Clinton never brings up the Arab revolutions again, spending most of her time wandering through Afghanistan and China on “a new Silk Road.” This was no passing reference though. Like the similarly absent Kashmir, Clinton keeps moving away from the very help she’s requesting for a reason: India, “the world’s largest democracy,” has flagrantly opposed the Middle East’s blooming pro-democracy movements.
Days later Abdel Aati Al Obeidi landed in New Delhi to brief the government on the state of Libya’s war. Muammar Gaddafi’s Foreign Minister met with E. Ahamed, India’s Minister of State for External Affairs, who promptly reiterated a position that calls for, “the immediate cessation of all hostilities in Libya and supports peaceful resolution of the Libyan crisis through dialogue, taking into account the legitimate aspirations of the people of Libya." With Libya in a full-blown war, the majority opposition doesn’t feel that dialogue alone will remove Gaddafi from power.
Those advocating a “dialogue only” course of action - Gaddafi's allies in Africa, Russia and China - wish to see the regime retain its influence.
The same BRIC wall also overshadows the United Nations Security Council’s ongoing deliberation as the U.S. and E.U seek a firmer resolution on Syria’s crackdown. India’s inclination to vote on the Chinese-Russian side of Libya and Syria demonstrates that Clinton wasn’t urging New Delhi to assist, so much as to politely reprimand its obstruction of U.S. policy in these spheres. The Secretary insists, “As India takes on a larger role throughout the Asia Pacific, it does have increasing responsibilities, including the duty to speak out against violations of universal human rights.”
However Clinton’s rhetoric functioned as a time-bomb. While New Delhi finds itself on the wrong side of these revolutions and U.S. policy, it has landed on Washington’s good side in Yemen by opposing democratic upheaval. On Saturday Interior Minister Mutahar al-Masri met with Indian ambassador Ausaf Sayeed to discuss an array of “security cooperation agreements,” supposedly dealing with piracy and terrorism. But Saba state media conceded, “Al-Masri and Sayeed also reviewed several security issues, particularly in counterterrorism areas.”

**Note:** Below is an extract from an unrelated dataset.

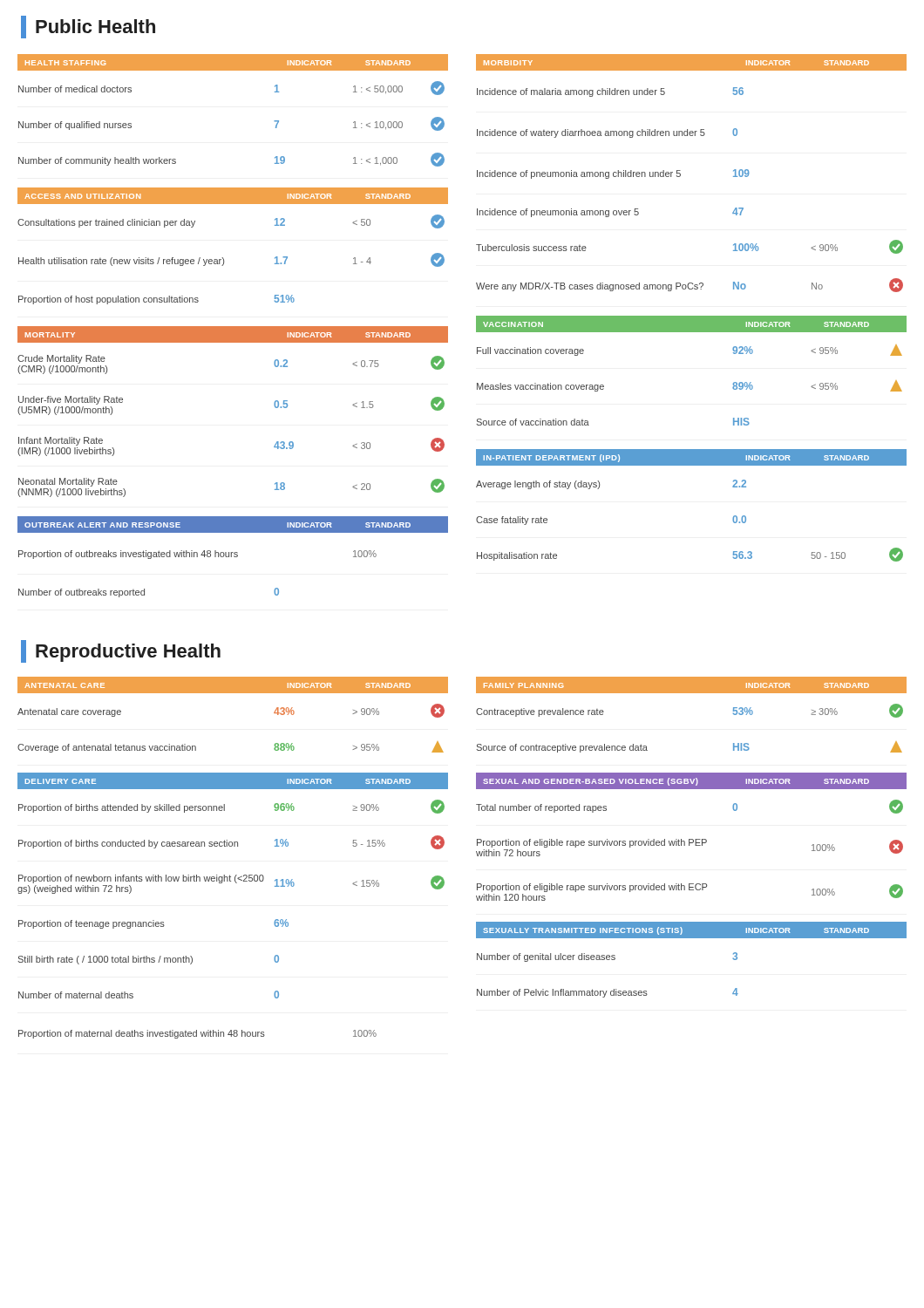Find the table that mentions "SEXUALLY TRANSMITTED INFECTIONS (STIS)"
This screenshot has height=1308, width=924.
tap(691, 966)

What these agreements entail remains unknown; intelligence sharing, equipment and training of local security forces offer several possibilities. Regardless, Al-Masri “hailed the Indian stances supporting Yemen in all international events,” meaning that New Delhi supports Ali Abdullah Saleh’s regime and its attempts to remain in power through the Gulf Cooperation Council’s (GCC) vampiric initiative. Sayeed “praised the security efforts the ministry exerted to maintain security and stability in the country,” lumping its actions against al-Qaeda in the Arabian Peninsula (AQAP) with its lethal assault against peaceful protesters and anti-government tribesmen in the south.
Sayeed then “asserted the Indian government's support to the unity and stability of Yemen,” codewords that Saleh uses to negate the northern Houthis and secessionist Southern Movement. These groups wanted out of Yemen because of Saleh and, if engaged properly, are open to unifying Yemen without him. Yemen’s democratic elements cannot flourish with Saleh’s regime in power, thus the artificial demand for “unity” and “stability” impedes a stable, unified Yemen.
With no further updates, India’s “security agreements” appear to be little more than political support for Saleh’s regime and the ruling General People’s Congress (GPC). Although this stance positions New Delhi at direct odds with Yemen’s revolutionaries, it also aligns with U.S. interests in suppressing their freedom. The end result is that America, the European Union, China, India, Russia and Saudi Arabia - a seemingly impervious wall of power - all oppose regime change in Yemen.
Clinton was presumably referencing Libya and Syria when she implored India to “support democratic transitions taking place in the Middle East and North Africa.” Given the close proximity between her visit and Sayeed’s maneuvering in Sana’a, perhaps New Delhi believed that it was finally supporting U.S. policy in the Arab Spring.